(What to work on)
Reproduce every entry that follows word for word, but omit the images.

_____

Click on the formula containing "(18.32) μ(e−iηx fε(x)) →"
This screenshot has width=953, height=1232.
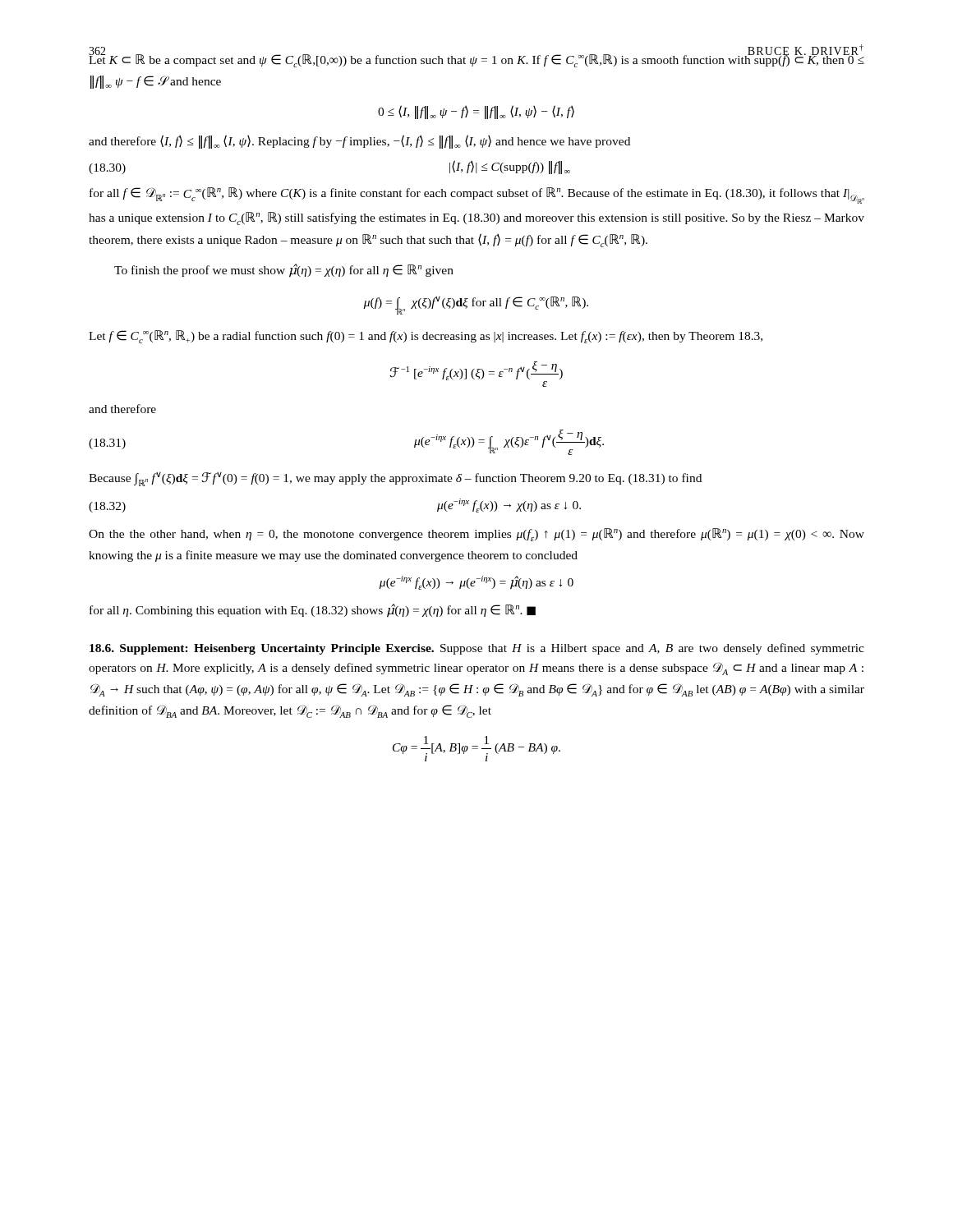(476, 506)
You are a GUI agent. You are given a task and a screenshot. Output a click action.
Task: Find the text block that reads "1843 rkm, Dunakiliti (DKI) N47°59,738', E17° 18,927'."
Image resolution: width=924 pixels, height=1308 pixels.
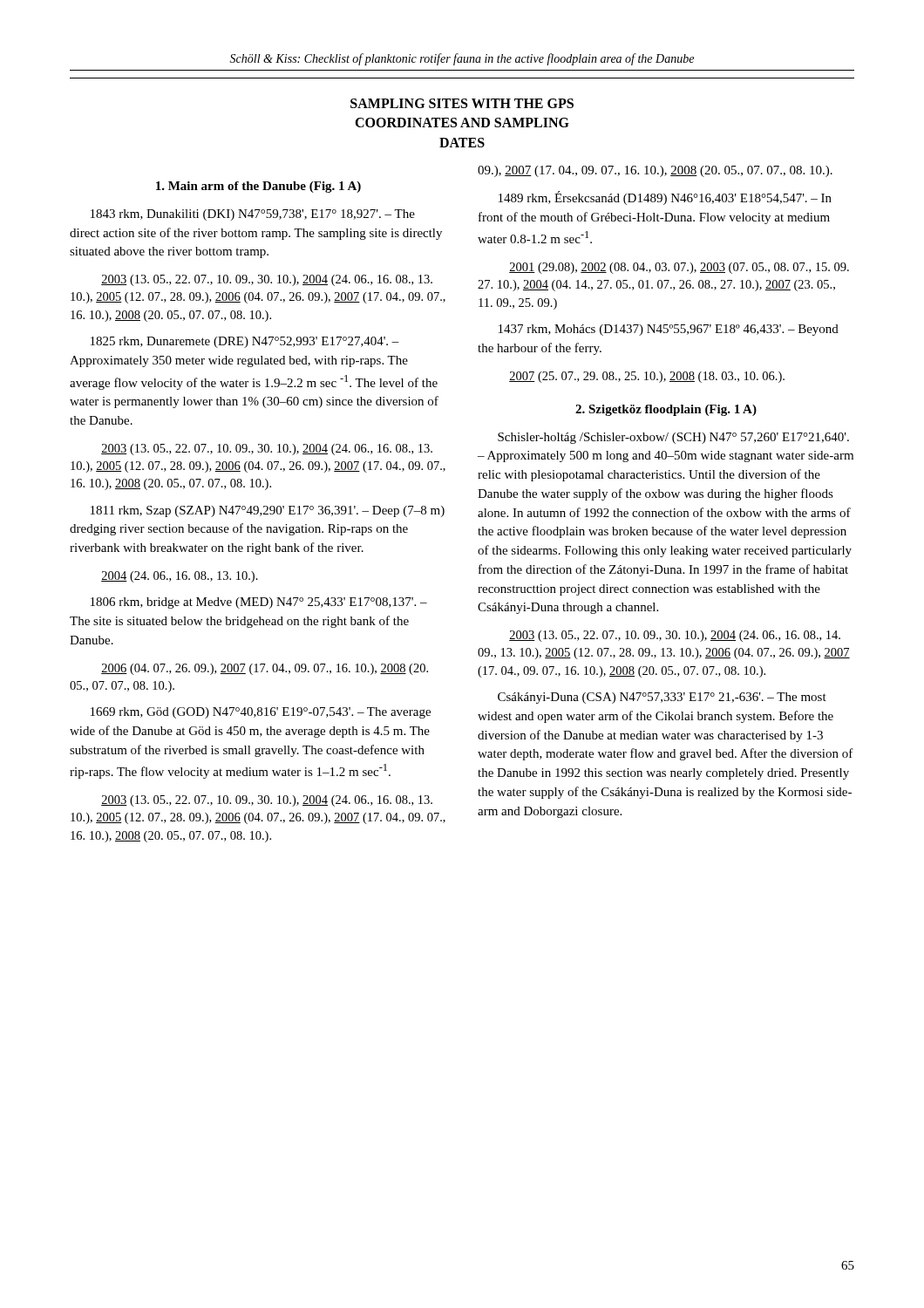coord(256,232)

_____

(Answer space)
Click on the formula containing "(18.32) μ(e−iηx fε(x)) →"
This screenshot has width=953, height=1232.
(476, 506)
You are a GUI agent. You are given a task and a screenshot. Output a click action.
Task: Find the text block that reads "1843 rkm, Dunakiliti (DKI) N47°59,738', E17° 18,927'."
Image resolution: width=924 pixels, height=1308 pixels.
coord(256,232)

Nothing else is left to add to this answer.